DESCRIPTION (provided by applicant): Ovarian cancer is a major health problem and the most lethal gynecological malignancy. While more than 80% of patients survive the disease when it is diagnosed early, more than 75% of patients die within 5 years if the disease is diagnosed at a late stage. Thus, it is crucial that ovarian cancer is diagnosed and treated as early as possible. Since the disease is relatively rare, the biochemical testing must be characterized by extraordinary specificity and sensitivity. Unfortunately, the well-established ovarian cancer biomarker, CA125, does not meet these criteria. Under a screening scenario, the positive predictive value of CA125 is unacceptable and well-below 10%. There is a need to identify novel ovarian cancer biomarkers which, either alone or in combination, can bring about the desired sensitivity and specificity. We have shown in the past that many members of the human kallikrein family are promising new biomarkers for ovarian carcinoma. More specifically, the kallikreins hK5, hK6, hK7, hK8, hK10, hK11 and hK14 have been shown in preliminary clinical studies to have value in diagnosis and prognosis and some of them can complement CA125. In this application, we will examine in detail, and with a large series of samples, the diagnostic sensitivity and specificity of a panel of ovarian cancer biomarkers consisting of CA125, the 7 aforementioned kallikreins and six other promising molecules. In this effort, we have secured the participation of clinicians who have collected a large series of well-characterized serum samples from ovarian cancer patients [early and late stage] as well as patients with benign gynecological diseases and normal controls. In collaboration, we will analyze these samples by using immunofluorometric procedures developed in the applicant's laboratory. Statistical analysis will allow us to a) develop the most appropriate multiparametric models and b) establish the diagnostic sensitivity and specificity of the composite test.
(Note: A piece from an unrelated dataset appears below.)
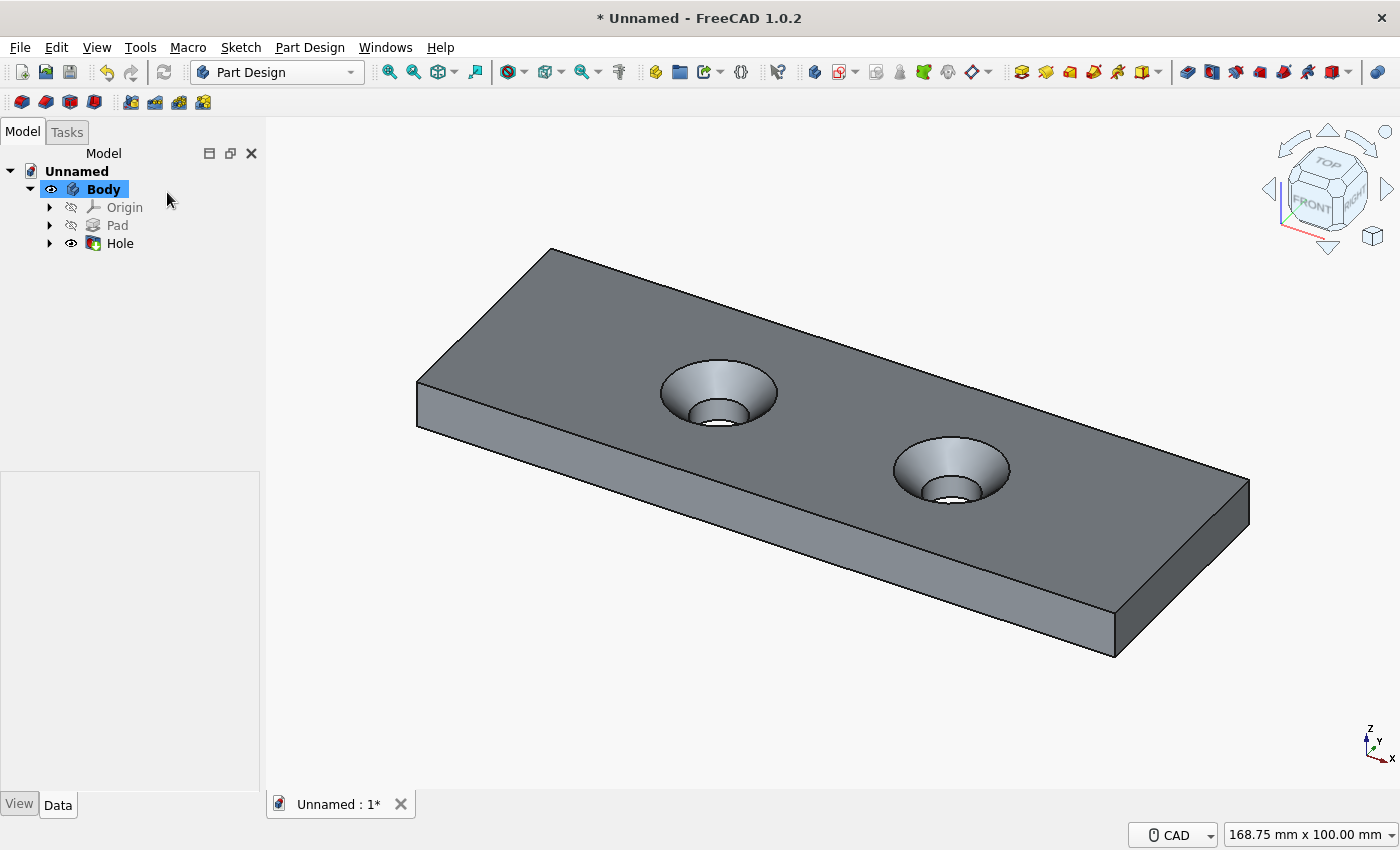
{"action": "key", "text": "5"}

We hope that this novel combination will bring about a diagnostic sensitivity and specificity that is suitable for screening and for early diagnosis of asymptomatic patients. As noted, our application focuses on early detection. Relevance of this research to public health: By achieving early ovarian cancer diagnosis, it will be possible to reduce the burden of the disease by administration of effective treatment as early as possible.
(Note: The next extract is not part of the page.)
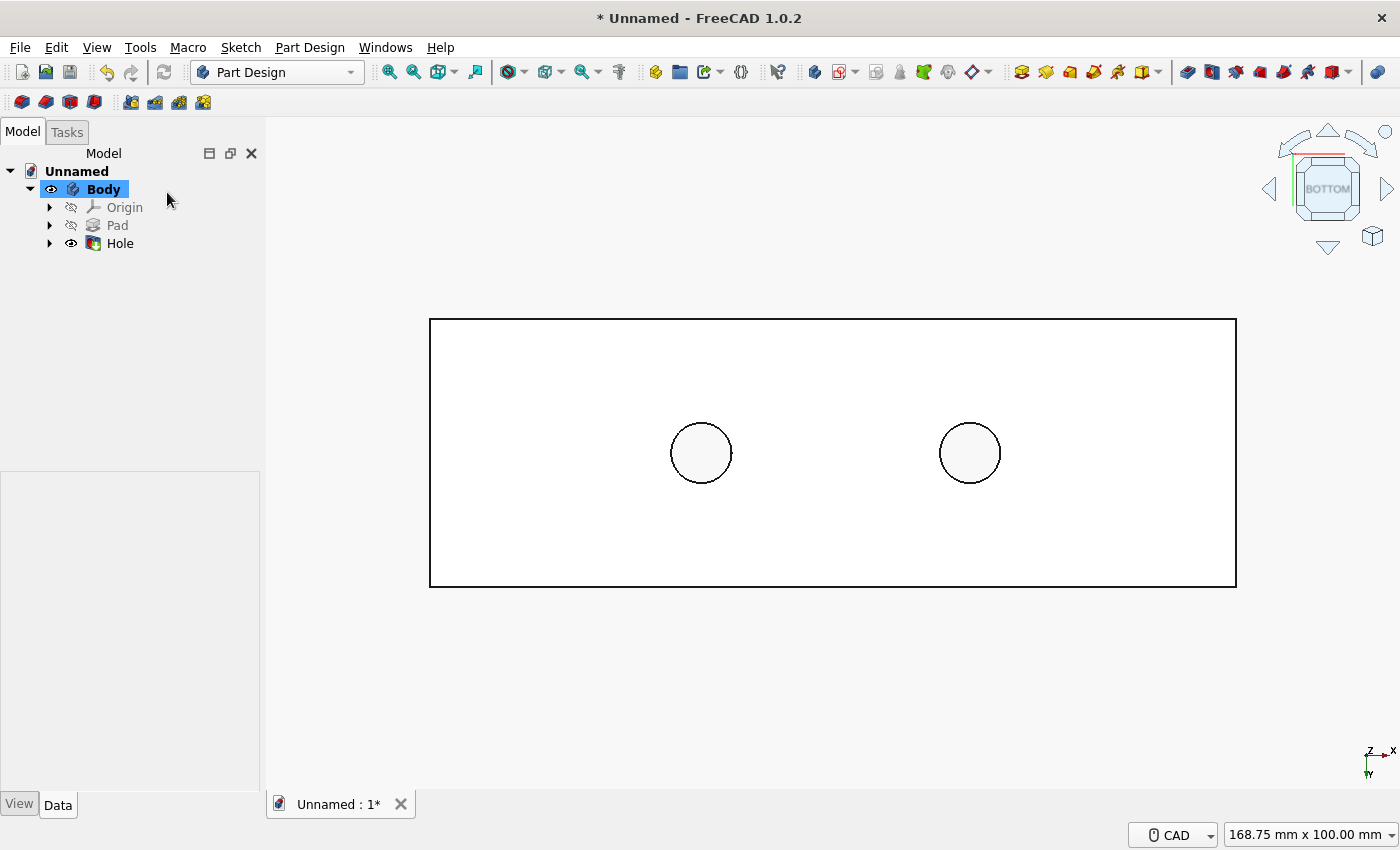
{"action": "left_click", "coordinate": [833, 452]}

描述（申请人提供）：卵巢癌是主要的健康问题和最致命的妇科恶性肿瘤。在早期诊断时，80%以上的患者能存活，而在晚期诊断时，超过75%的患者会在5年内死亡。因此，卵巢癌的早期诊断和治疗是至关重要的。由于该病相对罕见，生化检测必须具有非凡的特异性和敏感性。不幸的是，公认的卵巢癌生物标志物CA125不符合这些标准。在筛查情景下，CA125阳性预测值是不可接受的，远低于10%。有必要确定新的卵巢癌生物标志物，无论是单独还是联合，都能带来所需的灵敏度和特异性。我们在过去的研究中已经表明，人类小肽激酶家族的许多成员是有希望的卵巢癌新生物标志物。更具体地说，hK5、hK6、hK7、hK8、hK10、hK11和hK14已在初步临床研究中显示具有诊断和预后价值，其中部分可作为CA125的补体。在这个应用中，我们将通过大量的样本，详细检查一组卵巢癌生物标志物的诊断敏感性和特异性，这些生物标志物包括CA125、前面提到的7种钾化酶和其他6种有前途的分子。在这项工作中，我们获得了临床医生的参与，他们从卵巢癌患者（早期和晚期）以及良性妇科疾病患者和正常对照患者中收集了大量具有良好特征的血清样本。在合作中，我们将使用申请人实验室开发的免疫荧光测定程序分析这些样品。统计分析将使我们能够a)开发最合适的多参数模型和b)建立复合测试的诊断敏感性和特异性。我们希望这种新颖的组合将带来诊断的敏感性和特异性，适合于筛查和早期诊断无症状的患者。如前所述，我们的应用程序侧重于早期检测。本研究与公共卫生的相关性：通过实现卵巢癌的早期诊断，将有可能通过尽早给予有效治疗来减轻疾病的负担。